Little Bighorn veteran William Taylor, letter to Lieutenant Godfrey, February 20, 1910
Mutual respect
CUSTER'S RELATIONSHIP
WITH INDIANS

General Custer respected his foes. During the Civil War, he gave food and clothing to Confederate prisoners who happened to be old classmates. He even took part in a wedding
where everybody was dressed in gray. Nevertheless, Custer entered the church with a blue uniform and nobody dared to say a word.
When Custer first met the Indians, or Native Americans, his feelings were ambivalent. As a sportsman and a hunter, he loved the hard life of the tribes. But the Indian customs, such as torture,
mutilations and massacres of civilians, were the dark side of this war. After a few months of campaign against the Cheyenne, Custer had already seen 24 men tortured and burnt alive, a young girl
raped in a Cheyenne village, a family whose woman and child had been abducted and abused by several warriors and chiefs (the Box Family) and Lieutenant Kidder's party, whose members had been
ambushed and slaughtered by Pawnee Killer's Sioux (a soldier had been burnt alive).

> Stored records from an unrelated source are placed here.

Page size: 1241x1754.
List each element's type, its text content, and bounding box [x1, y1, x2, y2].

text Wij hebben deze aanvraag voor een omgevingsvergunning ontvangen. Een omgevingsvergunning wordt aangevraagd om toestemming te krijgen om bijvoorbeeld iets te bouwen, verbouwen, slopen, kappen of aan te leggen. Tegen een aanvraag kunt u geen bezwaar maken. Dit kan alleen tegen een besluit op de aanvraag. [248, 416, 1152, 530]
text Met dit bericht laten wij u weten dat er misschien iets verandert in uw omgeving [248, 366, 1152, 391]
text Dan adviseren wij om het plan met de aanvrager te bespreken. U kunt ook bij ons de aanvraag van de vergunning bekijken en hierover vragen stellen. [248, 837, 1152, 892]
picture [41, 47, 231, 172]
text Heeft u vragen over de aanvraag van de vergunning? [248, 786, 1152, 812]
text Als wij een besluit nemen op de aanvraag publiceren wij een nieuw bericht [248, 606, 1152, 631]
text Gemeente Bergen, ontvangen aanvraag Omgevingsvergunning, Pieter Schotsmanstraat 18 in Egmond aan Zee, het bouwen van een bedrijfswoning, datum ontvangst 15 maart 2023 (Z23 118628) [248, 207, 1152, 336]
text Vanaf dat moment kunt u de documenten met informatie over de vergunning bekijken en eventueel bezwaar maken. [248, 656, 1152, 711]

This side of the "Indian question" was the reason so many settlers hated the Indians and even killed their own
wives and children when Indians were entering their house.

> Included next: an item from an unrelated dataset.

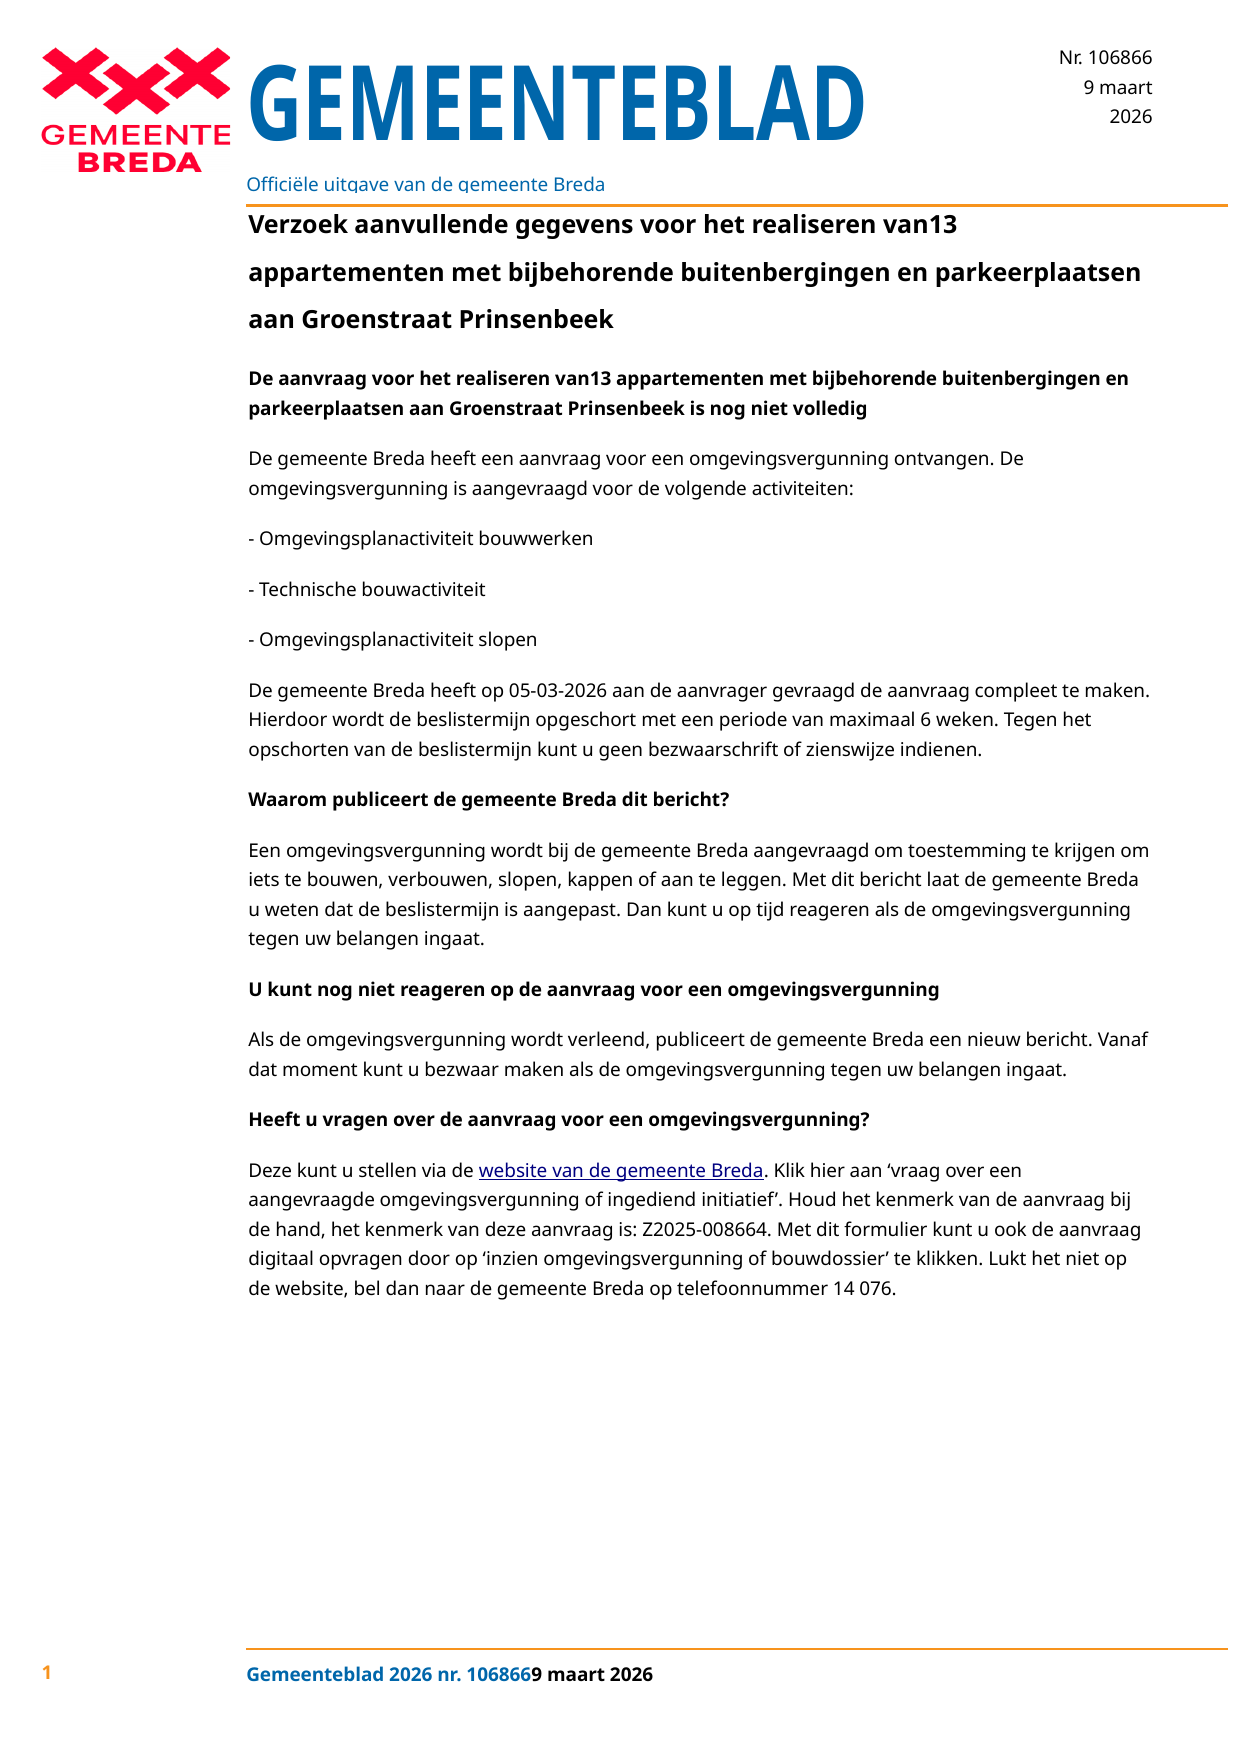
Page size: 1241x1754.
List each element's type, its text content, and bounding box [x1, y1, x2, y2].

Altough Custer hated and chased the criminals, such as Black Kettle's warriors, he often said good words on the bravery and effectiveness of ordinary warriors. He used to give gifts to Ree scout
Bloody Knife, who was one of his closest friend in the 7th cavalry. He gave to the Ree a necklace and a golden medal especially made for the scout in Washington.

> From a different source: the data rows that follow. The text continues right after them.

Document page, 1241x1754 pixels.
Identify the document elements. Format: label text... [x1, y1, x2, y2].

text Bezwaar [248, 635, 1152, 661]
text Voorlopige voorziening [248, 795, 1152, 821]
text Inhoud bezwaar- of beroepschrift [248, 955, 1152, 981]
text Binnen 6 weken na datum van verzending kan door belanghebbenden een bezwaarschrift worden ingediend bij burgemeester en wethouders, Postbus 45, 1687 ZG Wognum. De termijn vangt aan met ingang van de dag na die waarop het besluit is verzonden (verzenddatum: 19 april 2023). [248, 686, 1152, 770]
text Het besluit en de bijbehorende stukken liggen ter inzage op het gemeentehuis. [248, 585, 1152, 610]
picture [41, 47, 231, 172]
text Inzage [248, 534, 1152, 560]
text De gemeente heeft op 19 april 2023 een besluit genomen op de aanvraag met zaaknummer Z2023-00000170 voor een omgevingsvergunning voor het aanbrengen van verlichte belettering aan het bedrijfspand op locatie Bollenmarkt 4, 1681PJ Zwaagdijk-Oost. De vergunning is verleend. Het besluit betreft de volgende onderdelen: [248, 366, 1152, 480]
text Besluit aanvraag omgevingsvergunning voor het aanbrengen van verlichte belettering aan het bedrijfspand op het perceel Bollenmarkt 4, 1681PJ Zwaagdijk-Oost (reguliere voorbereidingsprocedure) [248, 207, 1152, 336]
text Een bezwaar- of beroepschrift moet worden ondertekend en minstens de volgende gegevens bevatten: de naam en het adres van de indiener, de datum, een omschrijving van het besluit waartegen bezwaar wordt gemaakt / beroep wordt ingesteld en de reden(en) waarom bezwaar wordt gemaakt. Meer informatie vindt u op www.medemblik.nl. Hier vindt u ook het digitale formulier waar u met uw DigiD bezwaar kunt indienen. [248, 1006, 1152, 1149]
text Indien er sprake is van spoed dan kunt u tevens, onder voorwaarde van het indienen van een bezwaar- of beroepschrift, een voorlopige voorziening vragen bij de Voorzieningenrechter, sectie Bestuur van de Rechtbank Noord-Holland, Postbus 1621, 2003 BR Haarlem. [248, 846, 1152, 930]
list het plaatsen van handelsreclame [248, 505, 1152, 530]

After the Black Hills campaign, Custer wrote long letters praising the Ree and Crow scouts. He also visited their councils several times, watching their ceremonies. Ree scout Red Star remembered
that Custer was so aware of their customs that he could tell them what was missing during a Ree religious service !
Here's what General Custer wrote about the Indians:
"If I were an Indian...I would greatly prefer to cast my lot among those of my people
who adhere to the free open plains, rather than submit to the confined limits of a reservation."
- George Armstrong Custer
"I now have some Crow scouts with me. They are magnificent-looking men, so much handsomer and more Indian-like than any we have ever seen, and jolly and sportive;
nothing of the gloomy, silent red-man about them....they said they (had) heard that I never abandoned a trail; that when my food gave out I ate mule. That was the kind of man they wanted to fight
under; they were willing to eat mule, too. "
- George Armstrong Custer
"Custer had an Indian soul."
- Crow scout Curley (he named his own son "George" to honor Custer)
"The women...pushed the point of a sewing awl into each of his ears, into his head. This was done to improve his hearing, as it seemed he had not heard what our
chiefs in the South had said when he smoked the pipe with them. They told him then that if ever afterward he should break that peace promise and should fight the Cheyennes, the Everywhere Spirit
surely would cause him to be killed....I often have wondered if, when I was riding among the dead where he was lying, my pony may have kicked dirt upon his body. "
- Cheyenne squaw Kate BigHead, Washita and Little Bighorn participant

Crow scouts near Custer's marker at the Little Bighorn : Curley is second from the right.